'''

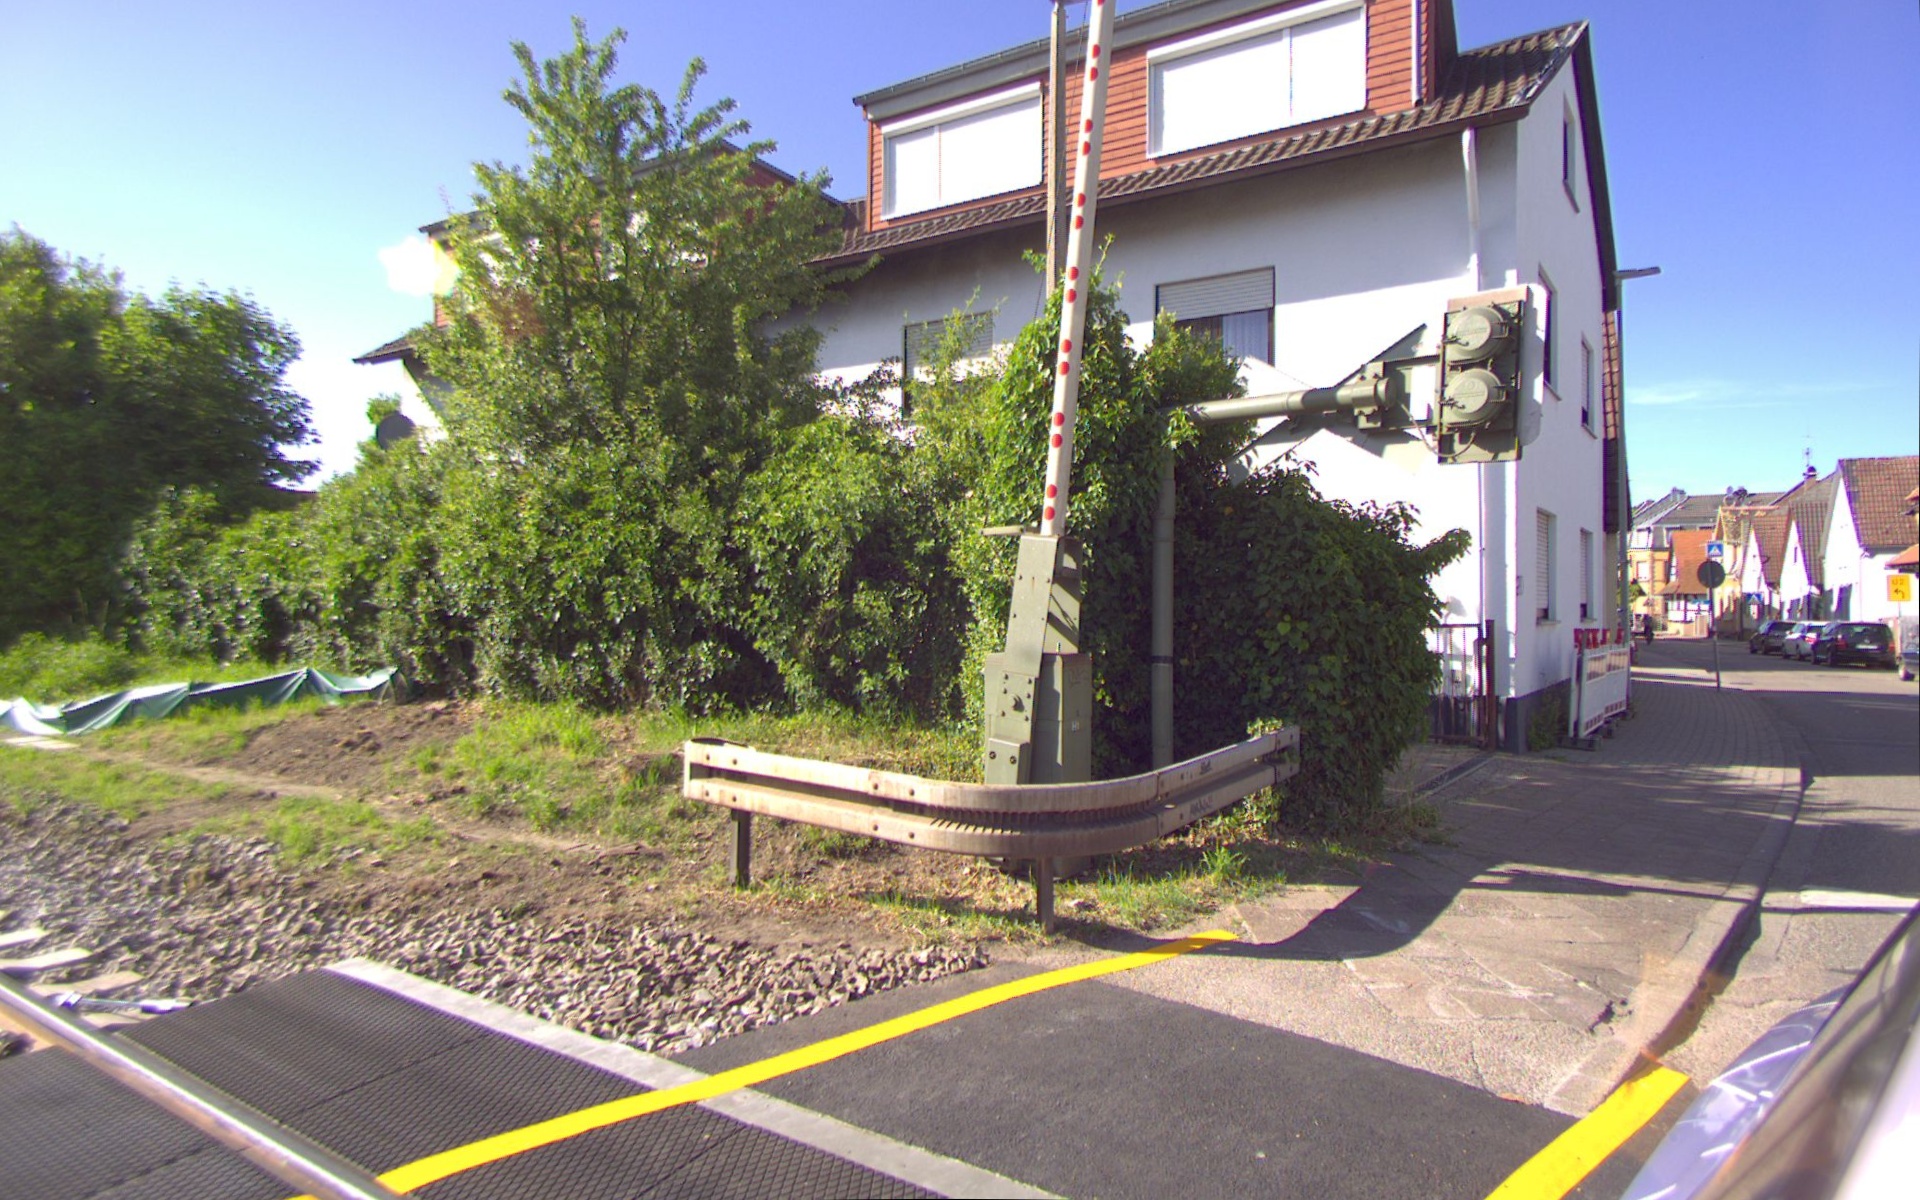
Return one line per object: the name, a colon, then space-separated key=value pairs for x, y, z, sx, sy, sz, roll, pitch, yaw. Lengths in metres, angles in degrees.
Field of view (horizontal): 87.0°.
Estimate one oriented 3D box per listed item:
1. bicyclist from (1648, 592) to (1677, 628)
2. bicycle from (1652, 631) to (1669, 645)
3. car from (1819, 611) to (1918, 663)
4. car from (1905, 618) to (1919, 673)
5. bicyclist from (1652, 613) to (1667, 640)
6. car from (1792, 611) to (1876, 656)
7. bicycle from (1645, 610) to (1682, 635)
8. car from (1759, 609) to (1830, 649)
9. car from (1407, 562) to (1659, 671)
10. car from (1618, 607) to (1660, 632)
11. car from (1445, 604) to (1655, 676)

'''

* [Exercise instructions]
Repeat the data above starting at the line with "10. car from (1618, 607) to (1660, 632)" and ending at its last line, exactly, with no other lines.

* [Task output]
10. car from (1618, 607) to (1660, 632)
11. car from (1445, 604) to (1655, 676)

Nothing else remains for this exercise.